If you can get fast RAM cheap at desired capacity, then of course go for it. Otherwise, prioritize capacity over speed.


----------



## Ferrum Master (Dec 13, 2015)

I bought 1600Mhz and clocked them to 2400MHz


----------



## Frick (Dec 13, 2015)

...PACMAN... said:


> Nope, http://www.eurogamer.net/articles/digitalfoundry-2015-intel-core-i3-6100-review
> 
> Fallout 4...look at that difference between 4770k with 1333 and then 2400 RAM


holy crap Ryse went from 55FPS on 1600Mhz memory to 88FPS on 2133Mhz memory.

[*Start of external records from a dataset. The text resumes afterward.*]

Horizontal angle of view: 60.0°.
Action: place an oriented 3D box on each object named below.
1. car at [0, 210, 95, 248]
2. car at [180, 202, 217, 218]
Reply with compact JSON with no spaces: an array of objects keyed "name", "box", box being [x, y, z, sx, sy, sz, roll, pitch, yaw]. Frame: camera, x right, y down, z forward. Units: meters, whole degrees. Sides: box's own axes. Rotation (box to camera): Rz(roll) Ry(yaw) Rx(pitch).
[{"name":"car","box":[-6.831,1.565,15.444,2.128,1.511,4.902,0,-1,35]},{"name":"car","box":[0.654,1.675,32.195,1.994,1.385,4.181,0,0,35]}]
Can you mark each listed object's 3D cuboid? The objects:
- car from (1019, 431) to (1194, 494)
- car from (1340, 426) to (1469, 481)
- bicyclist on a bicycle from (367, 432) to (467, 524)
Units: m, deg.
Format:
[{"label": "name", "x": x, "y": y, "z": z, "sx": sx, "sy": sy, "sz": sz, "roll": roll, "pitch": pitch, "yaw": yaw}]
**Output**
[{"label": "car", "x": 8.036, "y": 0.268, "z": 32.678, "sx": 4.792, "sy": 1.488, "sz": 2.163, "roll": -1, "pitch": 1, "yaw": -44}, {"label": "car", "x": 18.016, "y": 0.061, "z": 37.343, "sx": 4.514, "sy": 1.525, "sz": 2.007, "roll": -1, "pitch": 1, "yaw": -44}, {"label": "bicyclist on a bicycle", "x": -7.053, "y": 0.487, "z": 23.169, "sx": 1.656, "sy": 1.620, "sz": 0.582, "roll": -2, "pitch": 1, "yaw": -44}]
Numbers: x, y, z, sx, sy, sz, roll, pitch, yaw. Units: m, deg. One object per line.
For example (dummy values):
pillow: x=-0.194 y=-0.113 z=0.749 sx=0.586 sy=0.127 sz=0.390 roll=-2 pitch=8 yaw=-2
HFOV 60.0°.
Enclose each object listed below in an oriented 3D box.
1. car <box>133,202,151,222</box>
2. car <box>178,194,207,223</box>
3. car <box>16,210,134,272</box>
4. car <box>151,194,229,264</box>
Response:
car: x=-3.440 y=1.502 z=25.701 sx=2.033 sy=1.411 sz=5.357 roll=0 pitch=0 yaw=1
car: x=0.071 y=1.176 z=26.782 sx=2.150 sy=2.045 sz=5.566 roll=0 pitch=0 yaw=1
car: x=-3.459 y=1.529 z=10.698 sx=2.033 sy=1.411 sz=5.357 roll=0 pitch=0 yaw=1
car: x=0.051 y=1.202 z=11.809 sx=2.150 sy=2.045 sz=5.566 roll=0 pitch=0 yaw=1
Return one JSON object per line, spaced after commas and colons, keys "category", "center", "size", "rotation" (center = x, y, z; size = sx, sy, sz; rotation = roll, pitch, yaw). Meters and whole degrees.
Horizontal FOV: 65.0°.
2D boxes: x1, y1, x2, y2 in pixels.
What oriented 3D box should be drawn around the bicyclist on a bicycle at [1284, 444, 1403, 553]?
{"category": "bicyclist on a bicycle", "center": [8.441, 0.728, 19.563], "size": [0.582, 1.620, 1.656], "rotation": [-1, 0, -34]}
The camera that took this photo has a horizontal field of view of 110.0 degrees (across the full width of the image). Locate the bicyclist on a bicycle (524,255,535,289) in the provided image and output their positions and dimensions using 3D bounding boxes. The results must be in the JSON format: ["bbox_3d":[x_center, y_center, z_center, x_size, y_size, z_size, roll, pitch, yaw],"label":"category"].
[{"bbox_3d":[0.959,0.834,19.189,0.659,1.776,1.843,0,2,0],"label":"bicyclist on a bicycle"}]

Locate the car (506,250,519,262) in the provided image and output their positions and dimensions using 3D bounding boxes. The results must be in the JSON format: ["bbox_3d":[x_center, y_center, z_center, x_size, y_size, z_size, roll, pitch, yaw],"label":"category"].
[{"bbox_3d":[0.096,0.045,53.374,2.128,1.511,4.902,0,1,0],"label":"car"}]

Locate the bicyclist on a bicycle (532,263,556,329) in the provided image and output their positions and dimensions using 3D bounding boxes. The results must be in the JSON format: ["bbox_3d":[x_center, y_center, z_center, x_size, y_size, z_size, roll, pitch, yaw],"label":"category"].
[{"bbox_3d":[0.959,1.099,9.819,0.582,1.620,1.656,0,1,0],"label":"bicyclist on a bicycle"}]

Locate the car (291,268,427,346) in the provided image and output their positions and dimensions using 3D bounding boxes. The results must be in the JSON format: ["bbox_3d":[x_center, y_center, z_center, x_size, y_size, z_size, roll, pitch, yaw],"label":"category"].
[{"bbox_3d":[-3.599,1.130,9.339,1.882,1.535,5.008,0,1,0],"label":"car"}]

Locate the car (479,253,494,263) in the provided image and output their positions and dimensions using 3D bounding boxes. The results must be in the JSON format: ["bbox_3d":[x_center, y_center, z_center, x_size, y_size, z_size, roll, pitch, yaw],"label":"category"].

Or is there something else in play?


The Fallout 4 example is no surprise to me, Bethsoft are just crappy at what they do.


----------



## RejZoR (Dec 13, 2015)

If RAM alone creates 30fps difference, then the game is shite. The biggest differences I've seen were 5fps...


----------



## Ferrum Master (Dec 13, 2015)

RejZoR said:


> If RAM alone creates 30fps difference, then the game is shite. The biggest differences I've seen were 5fps...



It depends on the GPU itself tou... I had 5-7FPS increase settings from 1600 to 2400...


----------



## The N (Dec 13, 2015)

Frequency does make difference when difference is huge. and 2400 does make. however capacity is real deal for an upgrade.


----------



## F-Zero (Dec 17, 2015)

Thanks everyone again for your help ! I got myself a little something for Xmas. Now i got 16 Gb of 1600 Mhz DDR3 memory.

Happy Holidays !


----------